- Film poster
- Directed by: Jesse Thomas Cook
- Written by: Tony Burgess
- Produced by: Jesse Thomas Cook Chad Archibald Cody Calahan John Geddes Matt Wiele
- Starring: Jason David Brown Molly Dunsworth Robert Maillet
- Cinematography: Brendan Uegama
- Edited by: Jesse Thomas Cook
- Music by: Nate Kreiswirth
- Production company: Foresight Features
- Release date: September 19, 2013 (Austin Fantastic Fest);
- Running time: 83 minutes
- Country: Canada
- Language: English

= Septic Man =

Septic Man is a 2013 Canadian body horror film directed, edited, and produced by Jesse Thomas Cook and written by Tony Burgess. It stars Jason David Brown as a sewage worker who transforms into a hideous mutant after criminals trap him in a septic tank with the corpses they have hidden.

==Plot==
Jack is a sewage worker who is asked to investigate a water contamination in his small hometown that has forced everyone else, including his pregnant wife Shelley, to evacuate. While checking out the local sewage plant, he falls into a septic tank, where he discovers numerous corpses. His screams for help are heard by local criminal Lord Auch and his brother Giant, who are responsible for the corpses and refuse to let Jack out as they cannot risk having their criminal activities uncovered. The toxic sewage eventually begins to transform Jack into a hideous mutant who calls himself Septic Man.

==Cast==
- Jason David Brown as Jack / Septic Man
- Molly Dunsworth as Shelley
- Robert Maillet as Giant
- Tim Burd as Lord Auch
- Julian Richings as Phil Prosser
- Stephen McHattie as Mayor
- Nicole G. Leier as Woman
- Kirill Belousov as Soldier

==Reception==
Septic Man premiered at the 2013 Austin Fantastic Fest, where Brown won "Best Actor" in the Horror Features category.

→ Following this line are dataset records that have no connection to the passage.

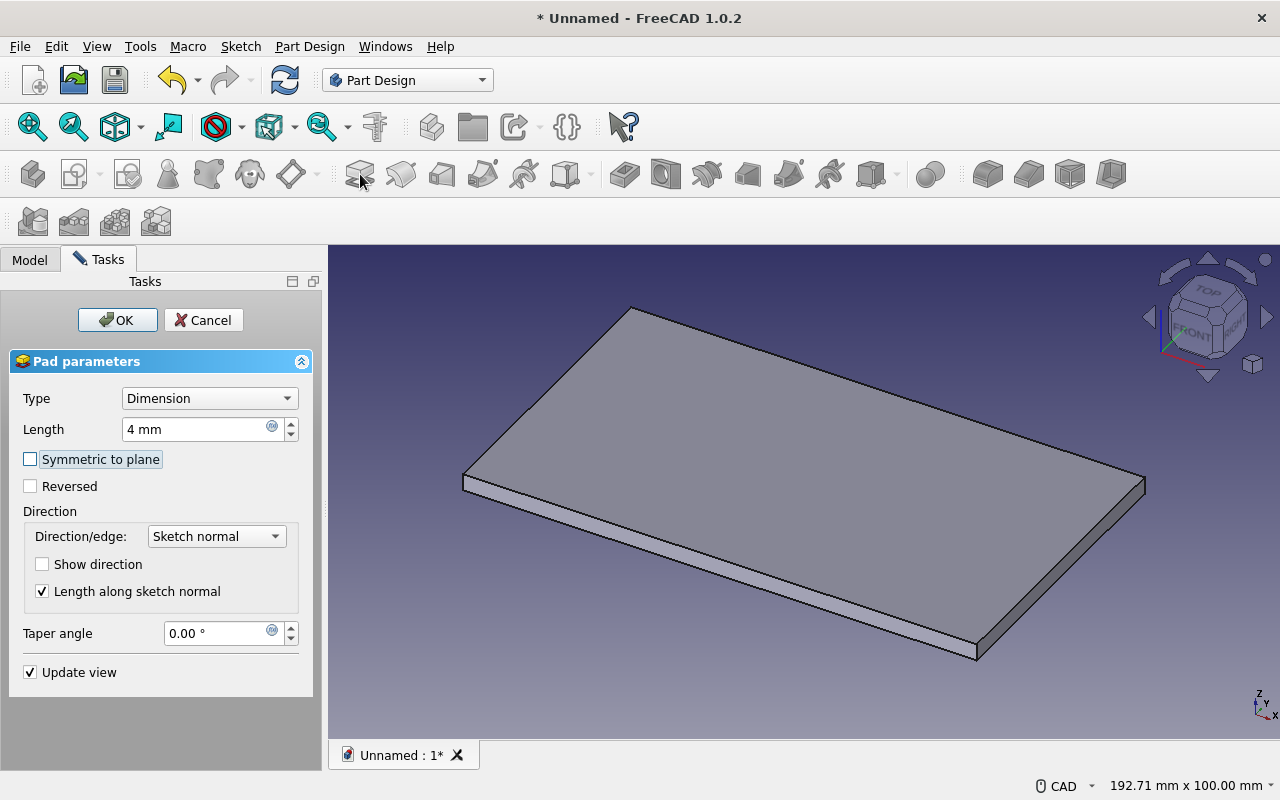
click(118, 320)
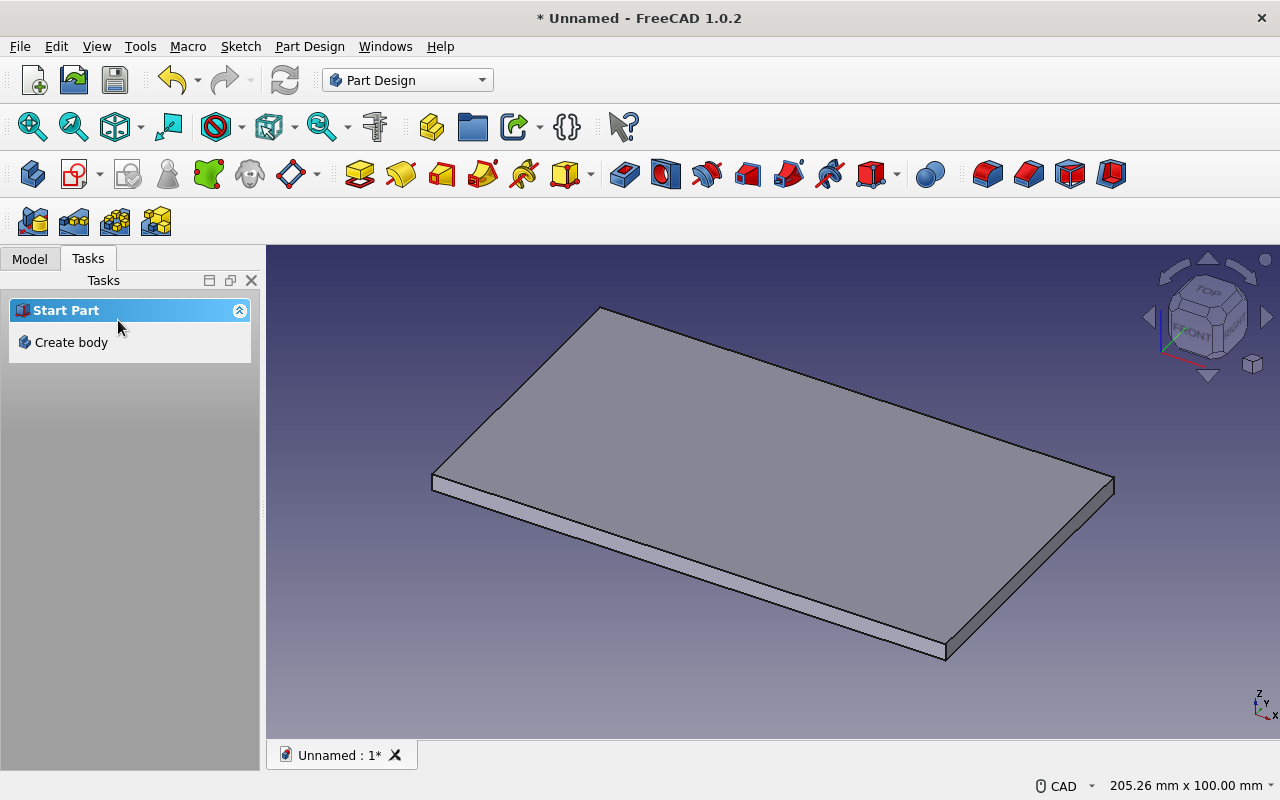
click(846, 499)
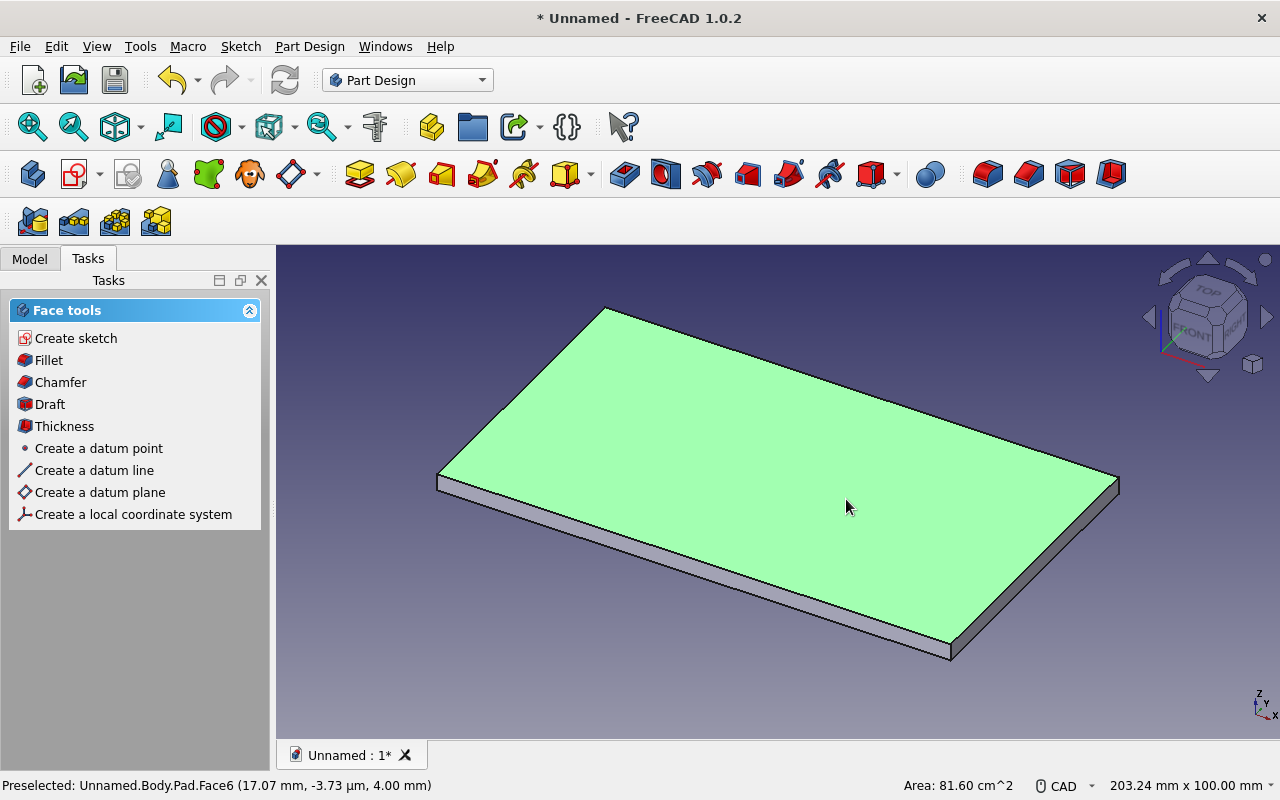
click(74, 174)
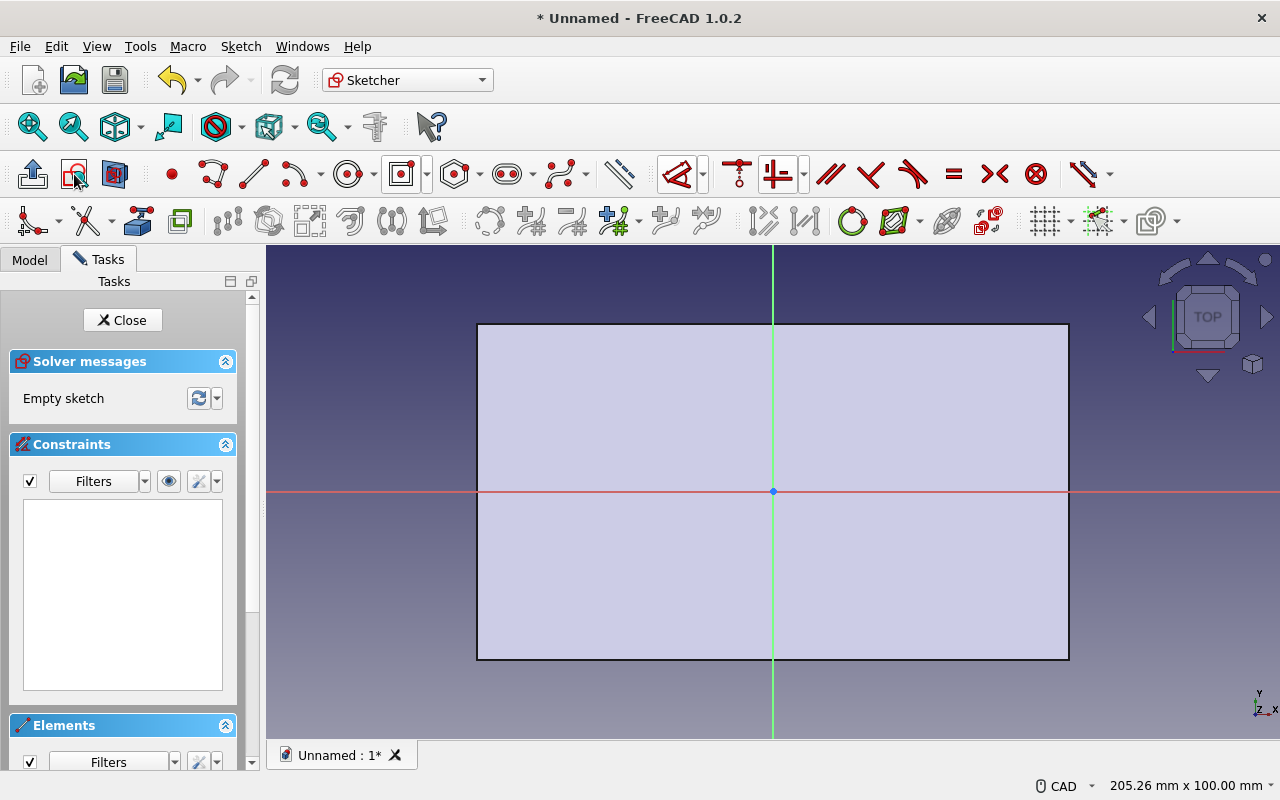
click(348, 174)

Ain't It Cool News and Dread Central both praised the film, the latter calling it a "bizarre yet inventive film" that would not be for everyone. Fangoria and Complex both gave negative reviews, with the latter writing that "it's a shame that Septic Man lacks the significance and social commentary of The Toxic Avenger, to which it's frequently compared, and settles for a straightforward plot to please fans of gag-inducing humor".

On Rotten Tomatoes, the film holds a critic approval rating of 12% based on 17 reviews, with an average rating of 3.9 out of 10; its viewer approval rating is 17% from over 100 reviews, with an average rating of 1.9 out of 5. On Metacritic, the film has a weighted average score of 8 out of 100 based on seven critics, indicating "overwhelming dislike"; its viewer rating is 3.1 out of 10 based on 15 reviews, indicating "generally unfavorable".